数年前ー正確にはコロナの一年前から、私は教室の方向性を探って、あれこれしてきた。

どうしても、ただ生徒さんを集めればいいとは思えなかった。

この教室が目指していること。この教室でしかできないことは何だろう・・・?

生徒が多くなりすぎて、一人ひとりの顔、というよりその気持ちに寄り添え切れていなくて、私の見えないところで、勉強をしていないことに気づくこともできなくて、ショックを受けたことがあった。

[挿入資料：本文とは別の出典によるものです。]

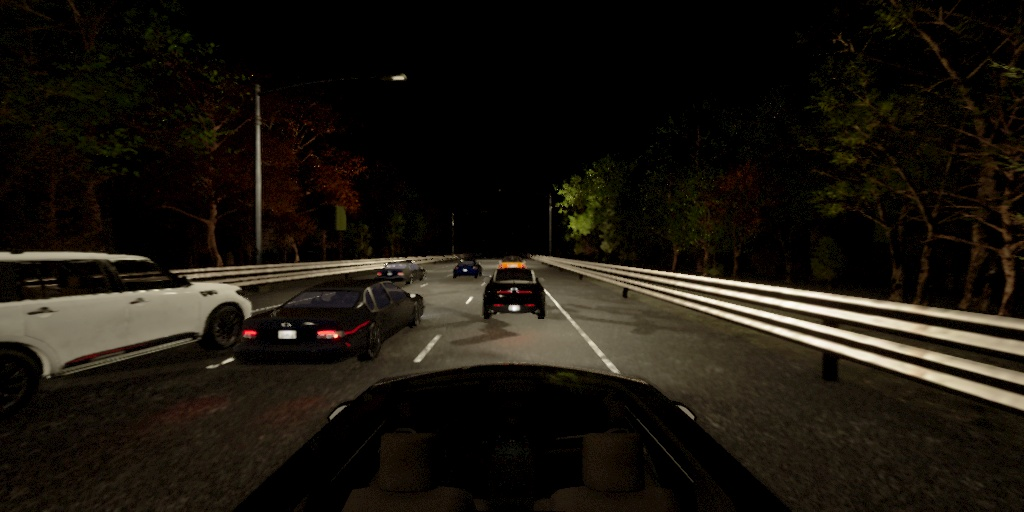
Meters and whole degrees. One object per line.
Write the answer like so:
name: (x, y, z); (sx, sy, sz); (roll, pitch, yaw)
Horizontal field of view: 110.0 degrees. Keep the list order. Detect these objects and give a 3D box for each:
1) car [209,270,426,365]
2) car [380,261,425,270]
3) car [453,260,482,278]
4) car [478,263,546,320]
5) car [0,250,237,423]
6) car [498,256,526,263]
car: (-3.441, 1.223, 8.018); (2.033, 1.411, 5.357); (0, 1, 0)
car: (-6.978, 1.043, 23.003); (2.033, 1.411, 5.357); (0, 1, 0)
car: (-3.473, 0.991, 28.655); (1.994, 1.385, 4.181); (0, 1, 0)
car: (0.068, 1.131, 12.019); (1.837, 1.490, 4.892); (0, 0, 0)
car: (-6.951, 0.928, 5.625); (2.150, 2.045, 5.566); (0, 1, 2)
car: (0.028, 0.791, 27.701); (2.097, 1.767, 4.553); (0, 1, 0)
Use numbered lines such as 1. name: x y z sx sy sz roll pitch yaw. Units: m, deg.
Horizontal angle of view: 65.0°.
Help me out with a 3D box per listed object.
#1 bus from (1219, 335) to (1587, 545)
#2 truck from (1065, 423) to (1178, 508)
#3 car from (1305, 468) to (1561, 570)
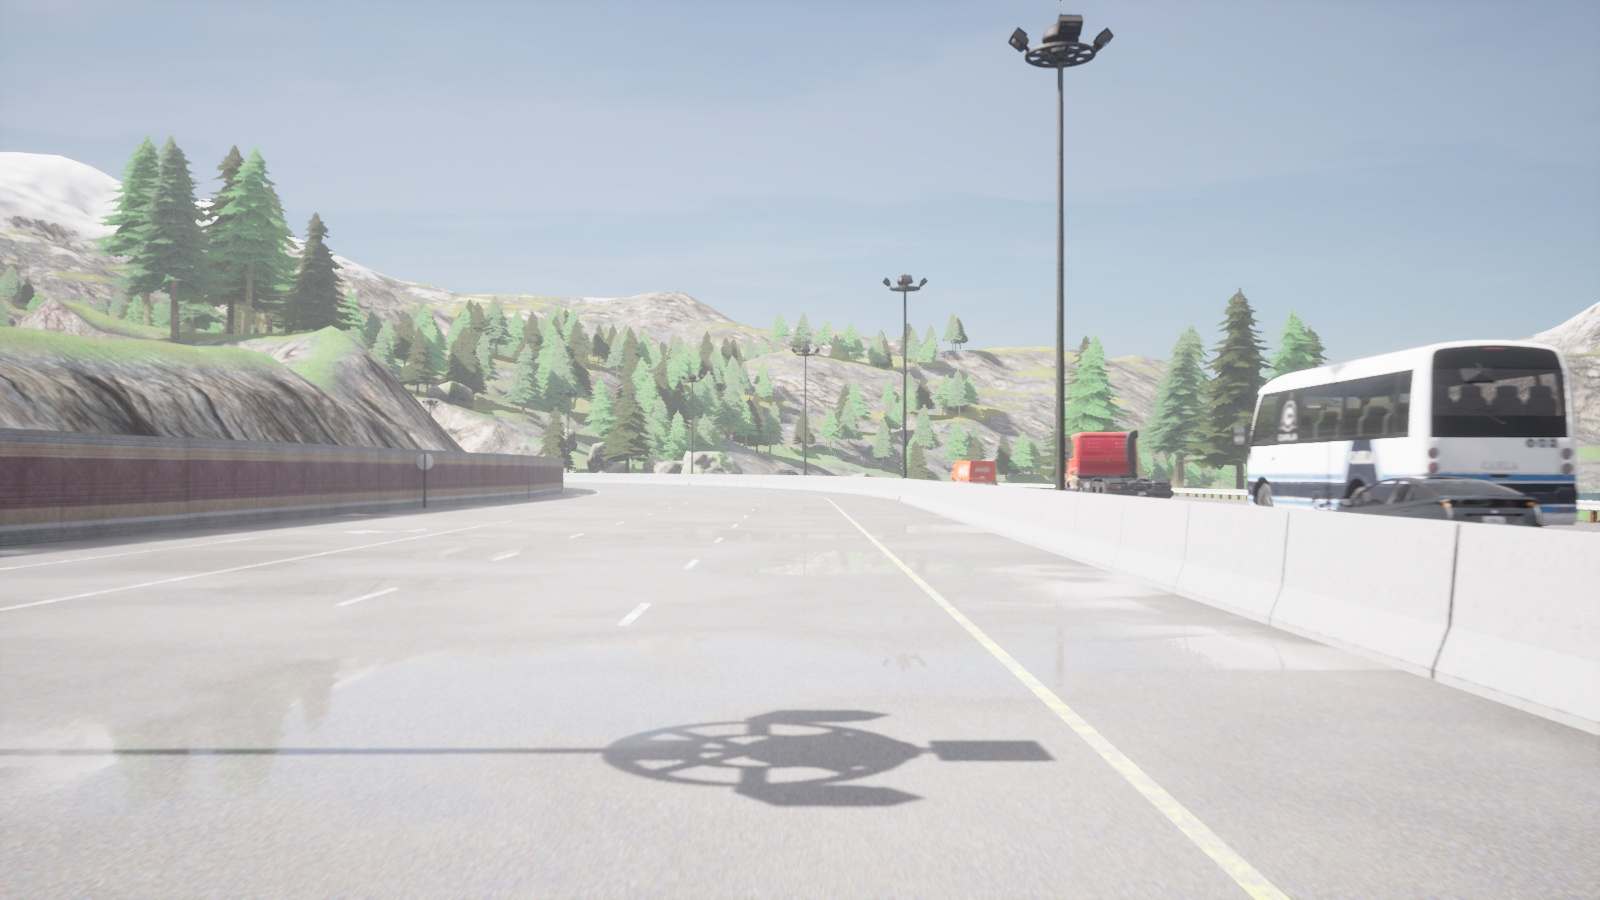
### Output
1. bus: 13.923 -0.106 30.565 3.944 4.253 10.273 0 -1 0
2. truck: 13.866 0.696 54.898 2.891 3.462 7.936 0 -1 0
3. car: 10.450 1.074 21.187 2.007 1.525 4.514 0 -1 0

もちろん、思春期の生徒さんだから、あれこれある。男女交際だって、当然にあるし、勉強から逃げたいこともある。それをまともに悩んだ。

今でこそ少々慣れてはきたけれど、うちに通ってくれている生徒さんを、現役でそれなりに目指していた学校に入ることができず、予備校に行くことになる・・・、ということが、自分が責任を果たせていないようで、ずいぶん自分を責めたし、こちらの見えないところで勉強をサボっていたことについても悩んだ。

いったい、どういう生徒さんとお付き合いすれば、自分が一番役立つことができるだろうか・・・?

ほかの塾と同じでは、何にもならない。

そこで、ちょっと方向違いかもしれないけれど、勉強を始めた。

指導歴こそ長いけれど、経営者としてはひよっこもひよっこ。最初飛び込みで参加したセミナーで、

方向性がわからなくて、参加しました。

と発言したら、

僕は、そういうこと言われたら、いつも、「そんなん知らんがな!」と言うんです。

と激し目な表現に、私は、

いつもそうおっしゃってますよねえ。

とひるむことなく、サラッと返した。いつもメルマガを読んでいた関係で、その先生のご意見は知っていた。自分でも、なんだか動じない奴だなあ、と思ったのを覚えている。だいたい、いちげんさんの気持ちで参加したから、怖いもの知らずもいいところだった。そもそも、なんでもいいから、その時プライベートで抱えていた憂さ晴らしと、どうにもやる気にならない自分の気分転換を兼ねて参加しただけであったから。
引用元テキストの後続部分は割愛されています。